AIM OF THE TASK: All the entries that follow must be written out again exactly.

Records from a data source
*** Block opens ***

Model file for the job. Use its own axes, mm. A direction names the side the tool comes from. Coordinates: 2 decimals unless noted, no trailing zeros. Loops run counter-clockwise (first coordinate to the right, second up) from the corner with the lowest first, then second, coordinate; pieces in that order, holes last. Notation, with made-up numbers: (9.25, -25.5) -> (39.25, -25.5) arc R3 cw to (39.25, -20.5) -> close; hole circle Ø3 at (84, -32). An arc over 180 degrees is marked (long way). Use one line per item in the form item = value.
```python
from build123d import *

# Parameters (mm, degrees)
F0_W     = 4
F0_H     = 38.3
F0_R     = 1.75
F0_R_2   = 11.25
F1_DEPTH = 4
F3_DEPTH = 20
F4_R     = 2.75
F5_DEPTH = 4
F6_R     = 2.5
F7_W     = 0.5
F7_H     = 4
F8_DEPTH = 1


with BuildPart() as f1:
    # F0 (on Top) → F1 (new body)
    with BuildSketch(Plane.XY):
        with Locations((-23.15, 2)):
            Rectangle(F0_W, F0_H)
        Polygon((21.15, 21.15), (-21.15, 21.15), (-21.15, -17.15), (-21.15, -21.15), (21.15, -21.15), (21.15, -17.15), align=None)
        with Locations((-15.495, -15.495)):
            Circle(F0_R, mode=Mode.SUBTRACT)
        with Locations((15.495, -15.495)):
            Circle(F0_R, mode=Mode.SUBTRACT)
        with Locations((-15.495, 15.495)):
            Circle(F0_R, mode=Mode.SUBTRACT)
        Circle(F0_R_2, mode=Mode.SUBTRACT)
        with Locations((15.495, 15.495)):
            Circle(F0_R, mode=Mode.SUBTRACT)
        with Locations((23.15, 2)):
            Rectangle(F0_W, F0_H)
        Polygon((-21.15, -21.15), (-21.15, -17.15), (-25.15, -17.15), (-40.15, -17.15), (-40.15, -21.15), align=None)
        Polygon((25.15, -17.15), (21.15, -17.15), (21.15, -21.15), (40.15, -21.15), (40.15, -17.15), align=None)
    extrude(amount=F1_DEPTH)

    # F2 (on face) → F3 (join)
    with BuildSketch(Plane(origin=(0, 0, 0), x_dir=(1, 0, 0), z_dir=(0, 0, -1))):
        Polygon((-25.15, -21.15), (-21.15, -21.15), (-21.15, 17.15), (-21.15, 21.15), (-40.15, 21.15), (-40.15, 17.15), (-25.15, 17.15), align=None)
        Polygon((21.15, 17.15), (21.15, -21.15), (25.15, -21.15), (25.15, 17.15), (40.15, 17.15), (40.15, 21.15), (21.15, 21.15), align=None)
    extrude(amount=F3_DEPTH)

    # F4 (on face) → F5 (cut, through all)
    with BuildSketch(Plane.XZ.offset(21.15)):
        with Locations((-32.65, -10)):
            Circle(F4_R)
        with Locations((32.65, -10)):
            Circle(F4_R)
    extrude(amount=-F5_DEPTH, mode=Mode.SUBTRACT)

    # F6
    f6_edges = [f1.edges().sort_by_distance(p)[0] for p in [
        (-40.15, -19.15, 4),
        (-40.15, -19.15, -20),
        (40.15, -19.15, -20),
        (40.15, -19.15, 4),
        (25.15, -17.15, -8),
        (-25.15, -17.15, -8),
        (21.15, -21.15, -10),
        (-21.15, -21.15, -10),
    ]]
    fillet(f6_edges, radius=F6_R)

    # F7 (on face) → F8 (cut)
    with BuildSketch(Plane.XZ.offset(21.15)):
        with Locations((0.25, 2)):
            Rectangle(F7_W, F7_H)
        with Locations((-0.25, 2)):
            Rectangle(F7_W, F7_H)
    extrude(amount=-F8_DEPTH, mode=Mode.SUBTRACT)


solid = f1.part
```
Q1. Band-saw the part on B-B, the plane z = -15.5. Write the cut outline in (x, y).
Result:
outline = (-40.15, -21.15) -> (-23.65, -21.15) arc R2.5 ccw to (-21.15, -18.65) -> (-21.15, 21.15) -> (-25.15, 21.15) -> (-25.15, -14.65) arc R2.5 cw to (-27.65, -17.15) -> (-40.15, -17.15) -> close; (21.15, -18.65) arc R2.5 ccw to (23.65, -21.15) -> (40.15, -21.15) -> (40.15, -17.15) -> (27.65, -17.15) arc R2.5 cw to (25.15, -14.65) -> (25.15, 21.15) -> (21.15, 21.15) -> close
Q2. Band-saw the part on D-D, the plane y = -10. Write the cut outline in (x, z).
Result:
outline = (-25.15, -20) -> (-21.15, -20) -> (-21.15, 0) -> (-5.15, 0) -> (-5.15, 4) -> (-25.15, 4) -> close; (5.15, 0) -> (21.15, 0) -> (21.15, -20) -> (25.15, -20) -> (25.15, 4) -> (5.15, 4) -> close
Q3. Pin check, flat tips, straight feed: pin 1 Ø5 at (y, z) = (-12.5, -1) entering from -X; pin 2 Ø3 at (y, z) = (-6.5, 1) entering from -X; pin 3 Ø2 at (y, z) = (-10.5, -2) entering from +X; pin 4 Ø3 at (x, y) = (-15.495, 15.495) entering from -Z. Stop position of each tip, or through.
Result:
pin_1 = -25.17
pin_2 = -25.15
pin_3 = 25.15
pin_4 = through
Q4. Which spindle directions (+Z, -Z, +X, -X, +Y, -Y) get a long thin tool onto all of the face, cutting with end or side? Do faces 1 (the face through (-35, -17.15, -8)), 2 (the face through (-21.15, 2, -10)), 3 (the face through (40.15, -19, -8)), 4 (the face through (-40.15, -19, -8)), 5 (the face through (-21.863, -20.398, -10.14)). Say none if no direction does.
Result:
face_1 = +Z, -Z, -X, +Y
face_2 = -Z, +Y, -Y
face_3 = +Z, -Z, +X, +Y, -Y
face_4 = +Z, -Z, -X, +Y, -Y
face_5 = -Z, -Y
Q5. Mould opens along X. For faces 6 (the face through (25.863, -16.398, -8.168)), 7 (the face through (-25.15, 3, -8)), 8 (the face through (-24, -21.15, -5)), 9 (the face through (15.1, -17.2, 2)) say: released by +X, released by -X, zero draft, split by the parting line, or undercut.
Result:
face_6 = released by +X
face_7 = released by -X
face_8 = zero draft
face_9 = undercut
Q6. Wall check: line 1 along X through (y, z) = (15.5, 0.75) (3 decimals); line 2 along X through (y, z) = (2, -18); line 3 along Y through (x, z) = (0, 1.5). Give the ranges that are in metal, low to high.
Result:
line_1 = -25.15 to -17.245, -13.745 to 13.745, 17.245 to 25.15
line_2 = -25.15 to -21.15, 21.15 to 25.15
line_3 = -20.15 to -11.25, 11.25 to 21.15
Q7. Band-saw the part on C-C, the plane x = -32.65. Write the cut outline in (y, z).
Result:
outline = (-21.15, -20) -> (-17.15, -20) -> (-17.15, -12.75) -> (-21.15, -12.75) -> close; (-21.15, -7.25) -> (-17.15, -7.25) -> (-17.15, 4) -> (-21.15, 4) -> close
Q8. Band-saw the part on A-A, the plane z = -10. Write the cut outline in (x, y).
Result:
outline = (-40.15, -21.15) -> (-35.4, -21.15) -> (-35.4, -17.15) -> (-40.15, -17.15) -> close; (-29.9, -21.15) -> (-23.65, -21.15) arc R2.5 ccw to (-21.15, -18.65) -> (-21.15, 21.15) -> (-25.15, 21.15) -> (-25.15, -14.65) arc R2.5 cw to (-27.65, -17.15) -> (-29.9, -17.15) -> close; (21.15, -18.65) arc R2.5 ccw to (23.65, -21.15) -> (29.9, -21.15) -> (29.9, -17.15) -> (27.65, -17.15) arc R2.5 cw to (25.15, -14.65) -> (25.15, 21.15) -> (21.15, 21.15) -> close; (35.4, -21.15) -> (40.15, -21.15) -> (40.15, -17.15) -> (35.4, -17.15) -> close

*** Block closes ***

OUTPUT BELOW:
Model file for the job. Use its own axes, mm. A direction names the side the tool comes from. Coordinates: 2 decimals unless noted, no trailing zeros. Loops run counter-clockwise (first coordinate to the right, second up) from the corner with the lowest first, then second, coordinate; pieces in that order, holes last. Notation, with made-up numbers: (9.25, -25.5) -> (39.25, -25.5) arc R3 cw to (39.25, -20.5) -> close; hole circle Ø3 at (84, -32). An arc over 180 degrees is marked (long way). Use one line per item in the form item = value.
```python
from build123d import *

# Parameters (mm, degrees)
F0_W     = 4
F0_H     = 38.3
F0_R     = 1.75
F0_R_2   = 11.25
F1_DEPTH = 4
F3_DEPTH = 20
F4_R     = 2.75
F5_DEPTH = 4
F6_R     = 2.5
F7_W     = 0.5
F7_H     = 4
F8_DEPTH = 1


with BuildPart() as f1:
    # F0 (on Top) → F1 (new body)
    with BuildSketch(Plane.XY):
        with Locations((-23.15, 2)):
            Rectangle(F0_W, F0_H)
        Polygon((21.15, 21.15), (-21.15, 21.15), (-21.15, -17.15), (-21.15, -21.15), (21.15, -21.15), (21.15, -17.15), align=None)
        with Locations((-15.495, -15.495)):
            Circle(F0_R, mode=Mode.SUBTRACT)
        with Locations((15.495, -15.495)):
            Circle(F0_R, mode=Mode.SUBTRACT)
        with Locations((-15.495, 15.495)):
            Circle(F0_R, mode=Mode.SUBTRACT)
        Circle(F0_R_2, mode=Mode.SUBTRACT)
        with Locations((15.495, 15.495)):
            Circle(F0_R, mode=Mode.SUBTRACT)
        with Locations((23.15, 2)):
            Rectangle(F0_W, F0_H)
        Polygon((-21.15, -21.15), (-21.15, -17.15), (-25.15, -17.15), (-40.15, -17.15), (-40.15, -21.15), align=None)
        Polygon((25.15, -17.15), (21.15, -17.15), (21.15, -21.15), (40.15, -21.15), (40.15, -17.15), align=None)
    extrude(amount=F1_DEPTH)

    # F2 (on face) → F3 (join)
    with BuildSketch(Plane(origin=(0, 0, 0), x_dir=(1, 0, 0), z_dir=(0, 0, -1))):
        Polygon((-25.15, -21.15), (-21.15, -21.15), (-21.15, 17.15), (-21.15, 21.15), (-40.15, 21.15), (-40.15, 17.15), (-25.15, 17.15), align=None)
        Polygon((21.15, 17.15), (21.15, -21.15), (25.15, -21.15), (25.15, 17.15), (40.15, 17.15), (40.15, 21.15), (21.15, 21.15), align=None)
    extrude(amount=F3_DEPTH)

    # F4 (on face) → F5 (cut, through all)
    with BuildSketch(Plane.XZ.offset(21.15)):
        with Locations((-32.65, -10)):
            Circle(F4_R)
        with Locations((32.65, -10)):
            Circle(F4_R)
    extrude(amount=-F5_DEPTH, mode=Mode.SUBTRACT)

    # F6
    f6_edges = [f1.edges().sort_by_distance(p)[0] for p in [
        (-40.15, -19.15, 4),
        (-40.15, -19.15, -20),
        (40.15, -19.15, -20),
        (40.15, -19.15, 4),
        (25.15, -17.15, -8),
        (-25.15, -17.15, -8),
        (21.15, -21.15, -10),
        (-21.15, -21.15, -10),
    ]]
    fillet(f6_edges, radius=F6_R)

    # F7 (on face) → F8 (cut)
    with BuildSketch(Plane.XZ.offset(21.15)):
        with Locations((0.25, 2)):
            Rectangle(F7_W, F7_H)
        with Locations((-0.25, 2)):
            Rectangle(F7_W, F7_H)
    extrude(amount=-F8_DEPTH, mode=Mode.SUBTRACT)


solid = f1.part
```
Q1. Band-saw the part on B-B, the plane z = -15.5. Write the cut outline in (x, y).
Result:
outline = (-40.15, -21.15) -> (-23.65, -21.15) arc R2.5 ccw to (-21.15, -18.65) -> (-21.15, 21.15) -> (-25.15, 21.15) -> (-25.15, -14.65) arc R2.5 cw to (-27.65, -17.15) -> (-40.15, -17.15) -> close; (21.15, -18.65) arc R2.5 ccw to (23.65, -21.15) -> (40.15, -21.15) -> (40.15, -17.15) -> (27.65, -17.15) arc R2.5 cw to (25.15, -14.65) -> (25.15, 21.15) -> (21.15, 21.15) -> close
Q2. Band-saw the part on D-D, the plane y = -10. Write the cut outline in (x, z).
Result:
outline = (-25.15, -20) -> (-21.15, -20) -> (-21.15, 0) -> (-5.15, 0) -> (-5.15, 4) -> (-25.15, 4) -> close; (5.15, 0) -> (21.15, 0) -> (21.15, -20) -> (25.15, -20) -> (25.15, 4) -> (5.15, 4) -> close
Q3. Pin check, flat tips, straight feed: pin 1 Ø5 at (y, z) = (-12.5, -1) entering from -X; pin 2 Ø3 at (y, z) = (-6.5, 1) entering from -X; pin 3 Ø2 at (y, z) = (-10.5, -2) entering from +X; pin 4 Ø3 at (x, y) = (-15.495, 15.495) entering from -Z. Stop position of each tip, or through.
Result:
pin_1 = -25.17
pin_2 = -25.15
pin_3 = 25.15
pin_4 = through
Q4. Which spindle directions (+Z, -Z, +X, -X, +Y, -Y) get a long thin tool onto all of the face, cutting with end or side? Do faces 1 (the face through (-35, -17.15, -8)), 2 (the face through (-21.15, 2, -10)), 3 (the face through (40.15, -19, -8)), 4 (the face through (-40.15, -19, -8)), 5 (the face through (-21.863, -20.398, -10.14)). Say none if no direction does.
Result:
face_1 = +Z, -Z, -X, +Y
face_2 = -Z, +Y, -Y
face_3 = +Z, -Z, +X, +Y, -Y
face_4 = +Z, -Z, -X, +Y, -Y
face_5 = -Z, -Y
Q5. Mould opens along X. For faces 6 (the face through (25.863, -16.398, -8.168)), 7 (the face through (-25.15, 3, -8)), 8 (the face through (-24, -21.15, -5)), 9 (the face through (15.1, -17.2, 2)) say: released by +X, released by -X, zero draft, split by the parting line, or undercut.
Result:
face_6 = released by +X
face_7 = released by -X
face_8 = zero draft
face_9 = undercut
Q6. Wall check: line 1 along X through (y, z) = (15.5, 0.75) (3 decimals); line 2 along X through (y, z) = (2, -18); line 3 along Y through (x, z) = (0, 1.5). Give the ranges that are in metal, low to high.
Result:
line_1 = -25.15 to -17.245, -13.745 to 13.745, 17.245 to 25.15
line_2 = -25.15 to -21.15, 21.15 to 25.15
line_3 = -20.15 to -11.25, 11.25 to 21.15
Q7. Band-saw the part on C-C, the plane x = -32.65. Write the cut outline in (y, z).
Result:
outline = (-21.15, -20) -> (-17.15, -20) -> (-17.15, -12.75) -> (-21.15, -12.75) -> close; (-21.15, -7.25) -> (-17.15, -7.25) -> (-17.15, 4) -> (-21.15, 4) -> close
Q8. Band-saw the part on A-A, the plane z = -10. Write the cut outline in (x, y).
Result:
outline = (-40.15, -21.15) -> (-35.4, -21.15) -> (-35.4, -17.15) -> (-40.15, -17.15) -> close; (-29.9, -21.15) -> (-23.65, -21.15) arc R2.5 ccw to (-21.15, -18.65) -> (-21.15, 21.15) -> (-25.15, 21.15) -> (-25.15, -14.65) arc R2.5 cw to (-27.65, -17.15) -> (-29.9, -17.15) -> close; (21.15, -18.65) arc R2.5 ccw to (23.65, -21.15) -> (29.9, -21.15) -> (29.9, -17.15) -> (27.65, -17.15) arc R2.5 cw to (25.15, -14.65) -> (25.15, 21.15) -> (21.15, 21.15) -> close; (35.4, -21.15) -> (40.15, -21.15) -> (40.15, -17.15) -> (35.4, -17.15) -> close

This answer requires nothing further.